What needs to be done: The expected output is exactly the lines below, starting at the line with "- tree (695,204,867,528)" and ending at the line with "- tree (880,471,899,510)", both included; no other line belongs in it.

===== Source records =====

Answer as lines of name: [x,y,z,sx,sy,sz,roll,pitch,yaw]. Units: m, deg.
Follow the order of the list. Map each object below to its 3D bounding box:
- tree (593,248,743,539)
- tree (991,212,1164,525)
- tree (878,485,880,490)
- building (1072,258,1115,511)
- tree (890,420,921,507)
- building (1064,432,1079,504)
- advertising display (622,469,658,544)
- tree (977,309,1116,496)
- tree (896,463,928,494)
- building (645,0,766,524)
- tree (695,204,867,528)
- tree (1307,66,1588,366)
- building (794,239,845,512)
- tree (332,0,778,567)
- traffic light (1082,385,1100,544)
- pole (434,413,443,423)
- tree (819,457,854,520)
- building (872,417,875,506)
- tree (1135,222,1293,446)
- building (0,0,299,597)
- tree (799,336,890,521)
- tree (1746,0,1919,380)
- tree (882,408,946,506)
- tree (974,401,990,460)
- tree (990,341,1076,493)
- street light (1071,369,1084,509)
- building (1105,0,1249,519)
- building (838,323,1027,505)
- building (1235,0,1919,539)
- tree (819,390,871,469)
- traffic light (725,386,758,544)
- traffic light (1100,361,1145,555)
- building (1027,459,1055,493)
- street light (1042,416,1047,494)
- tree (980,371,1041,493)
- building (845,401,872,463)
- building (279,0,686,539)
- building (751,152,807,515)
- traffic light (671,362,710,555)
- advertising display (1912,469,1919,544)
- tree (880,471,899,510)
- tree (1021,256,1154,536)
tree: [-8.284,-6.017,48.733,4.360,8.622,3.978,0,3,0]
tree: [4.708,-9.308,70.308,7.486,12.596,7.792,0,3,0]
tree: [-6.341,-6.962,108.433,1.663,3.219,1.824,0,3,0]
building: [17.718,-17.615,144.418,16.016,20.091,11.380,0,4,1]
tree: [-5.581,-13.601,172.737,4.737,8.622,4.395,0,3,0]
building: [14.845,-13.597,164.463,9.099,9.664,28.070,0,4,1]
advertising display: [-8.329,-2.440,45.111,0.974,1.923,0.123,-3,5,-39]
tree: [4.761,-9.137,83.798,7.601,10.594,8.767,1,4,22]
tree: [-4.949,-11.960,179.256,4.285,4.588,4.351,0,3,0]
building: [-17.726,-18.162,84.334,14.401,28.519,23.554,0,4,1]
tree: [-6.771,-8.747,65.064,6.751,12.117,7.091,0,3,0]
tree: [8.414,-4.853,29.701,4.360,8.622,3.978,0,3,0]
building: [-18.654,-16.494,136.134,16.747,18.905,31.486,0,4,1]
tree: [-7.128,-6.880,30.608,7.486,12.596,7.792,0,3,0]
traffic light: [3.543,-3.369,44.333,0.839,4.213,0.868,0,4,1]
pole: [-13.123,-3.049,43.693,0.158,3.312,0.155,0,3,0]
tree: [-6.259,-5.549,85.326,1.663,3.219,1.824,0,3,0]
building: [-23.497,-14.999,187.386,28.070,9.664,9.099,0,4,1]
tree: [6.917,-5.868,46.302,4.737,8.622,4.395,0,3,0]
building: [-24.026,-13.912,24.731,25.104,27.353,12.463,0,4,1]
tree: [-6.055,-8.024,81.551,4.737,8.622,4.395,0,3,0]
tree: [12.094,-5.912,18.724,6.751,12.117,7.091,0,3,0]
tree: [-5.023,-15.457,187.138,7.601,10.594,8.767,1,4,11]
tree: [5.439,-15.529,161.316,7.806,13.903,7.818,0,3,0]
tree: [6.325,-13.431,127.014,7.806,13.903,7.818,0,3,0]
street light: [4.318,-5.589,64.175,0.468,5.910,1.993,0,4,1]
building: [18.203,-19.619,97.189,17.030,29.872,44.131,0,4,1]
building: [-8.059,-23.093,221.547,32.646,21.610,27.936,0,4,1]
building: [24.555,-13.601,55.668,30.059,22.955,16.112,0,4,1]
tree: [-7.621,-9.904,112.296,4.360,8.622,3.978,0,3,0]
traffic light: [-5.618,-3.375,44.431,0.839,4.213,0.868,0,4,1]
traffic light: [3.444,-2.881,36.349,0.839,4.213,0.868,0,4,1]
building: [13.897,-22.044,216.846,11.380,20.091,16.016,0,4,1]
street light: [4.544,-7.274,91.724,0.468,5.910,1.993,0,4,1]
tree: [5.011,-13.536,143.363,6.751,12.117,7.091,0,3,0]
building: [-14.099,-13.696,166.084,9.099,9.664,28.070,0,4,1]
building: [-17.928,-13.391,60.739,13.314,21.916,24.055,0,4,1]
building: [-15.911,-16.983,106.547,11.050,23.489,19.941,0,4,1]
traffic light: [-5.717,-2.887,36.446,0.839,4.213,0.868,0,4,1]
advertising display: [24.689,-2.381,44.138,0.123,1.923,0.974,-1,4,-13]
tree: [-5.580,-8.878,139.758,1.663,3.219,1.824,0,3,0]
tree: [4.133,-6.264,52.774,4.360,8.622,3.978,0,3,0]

=====

Solution to the exercise:
- tree (695,204,867,528)
- tree (1307,66,1588,366)
- building (794,239,845,512)
- tree (332,0,778,567)
- traffic light (1082,385,1100,544)
- pole (434,413,443,423)
- tree (819,457,854,520)
- building (872,417,875,506)
- tree (1135,222,1293,446)
- building (0,0,299,597)
- tree (799,336,890,521)
- tree (1746,0,1919,380)
- tree (882,408,946,506)
- tree (974,401,990,460)
- tree (990,341,1076,493)
- street light (1071,369,1084,509)
- building (1105,0,1249,519)
- building (838,323,1027,505)
- building (1235,0,1919,539)
- tree (819,390,871,469)
- traffic light (725,386,758,544)
- traffic light (1100,361,1145,555)
- building (1027,459,1055,493)
- street light (1042,416,1047,494)
- tree (980,371,1041,493)
- building (845,401,872,463)
- building (279,0,686,539)
- building (751,152,807,515)
- traffic light (671,362,710,555)
- advertising display (1912,469,1919,544)
- tree (880,471,899,510)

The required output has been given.